> [Your assignment]:
Copy each line of the following material that has the string "chair".
[[ Extracted data open ]]
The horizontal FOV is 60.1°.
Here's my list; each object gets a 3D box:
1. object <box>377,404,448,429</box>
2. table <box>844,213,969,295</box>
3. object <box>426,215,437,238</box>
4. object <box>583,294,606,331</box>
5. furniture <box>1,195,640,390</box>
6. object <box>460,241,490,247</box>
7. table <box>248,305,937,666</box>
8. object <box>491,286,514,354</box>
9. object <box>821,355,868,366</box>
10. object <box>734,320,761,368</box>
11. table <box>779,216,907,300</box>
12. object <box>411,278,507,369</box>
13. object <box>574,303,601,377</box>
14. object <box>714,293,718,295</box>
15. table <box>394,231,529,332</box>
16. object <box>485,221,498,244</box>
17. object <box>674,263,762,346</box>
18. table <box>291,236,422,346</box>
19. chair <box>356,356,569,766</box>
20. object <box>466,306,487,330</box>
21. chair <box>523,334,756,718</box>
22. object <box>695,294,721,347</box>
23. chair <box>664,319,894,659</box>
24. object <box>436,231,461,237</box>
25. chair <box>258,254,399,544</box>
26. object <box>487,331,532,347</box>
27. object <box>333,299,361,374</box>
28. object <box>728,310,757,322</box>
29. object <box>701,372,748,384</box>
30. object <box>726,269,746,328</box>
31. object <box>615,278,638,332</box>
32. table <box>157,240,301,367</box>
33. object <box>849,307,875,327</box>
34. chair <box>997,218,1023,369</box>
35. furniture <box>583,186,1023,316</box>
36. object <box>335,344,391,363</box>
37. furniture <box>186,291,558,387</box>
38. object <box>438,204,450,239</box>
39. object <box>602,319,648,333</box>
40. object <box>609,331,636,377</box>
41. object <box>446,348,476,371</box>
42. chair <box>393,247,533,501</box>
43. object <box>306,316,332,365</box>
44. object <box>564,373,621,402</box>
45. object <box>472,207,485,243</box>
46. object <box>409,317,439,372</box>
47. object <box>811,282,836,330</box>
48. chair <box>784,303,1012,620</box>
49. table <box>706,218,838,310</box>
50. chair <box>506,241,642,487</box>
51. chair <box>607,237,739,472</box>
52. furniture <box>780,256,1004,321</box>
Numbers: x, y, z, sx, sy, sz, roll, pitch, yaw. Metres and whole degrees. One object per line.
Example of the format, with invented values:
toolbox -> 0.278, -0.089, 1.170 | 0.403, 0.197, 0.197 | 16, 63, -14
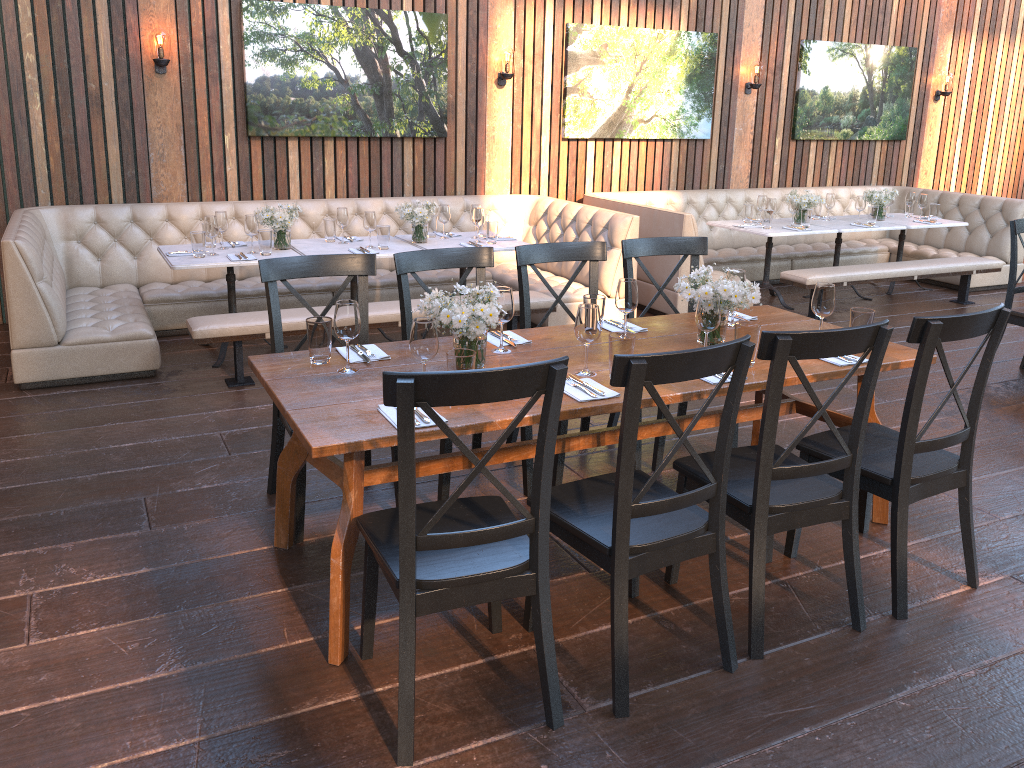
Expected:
[[ Extracted data closed ]]
> [Response]:
19. chair <box>356,356,569,766</box>
21. chair <box>523,334,756,718</box>
23. chair <box>664,319,894,659</box>
25. chair <box>258,254,399,544</box>
34. chair <box>997,218,1023,369</box>
42. chair <box>393,247,533,501</box>
48. chair <box>784,303,1012,620</box>
50. chair <box>506,241,642,487</box>
51. chair <box>607,237,739,472</box>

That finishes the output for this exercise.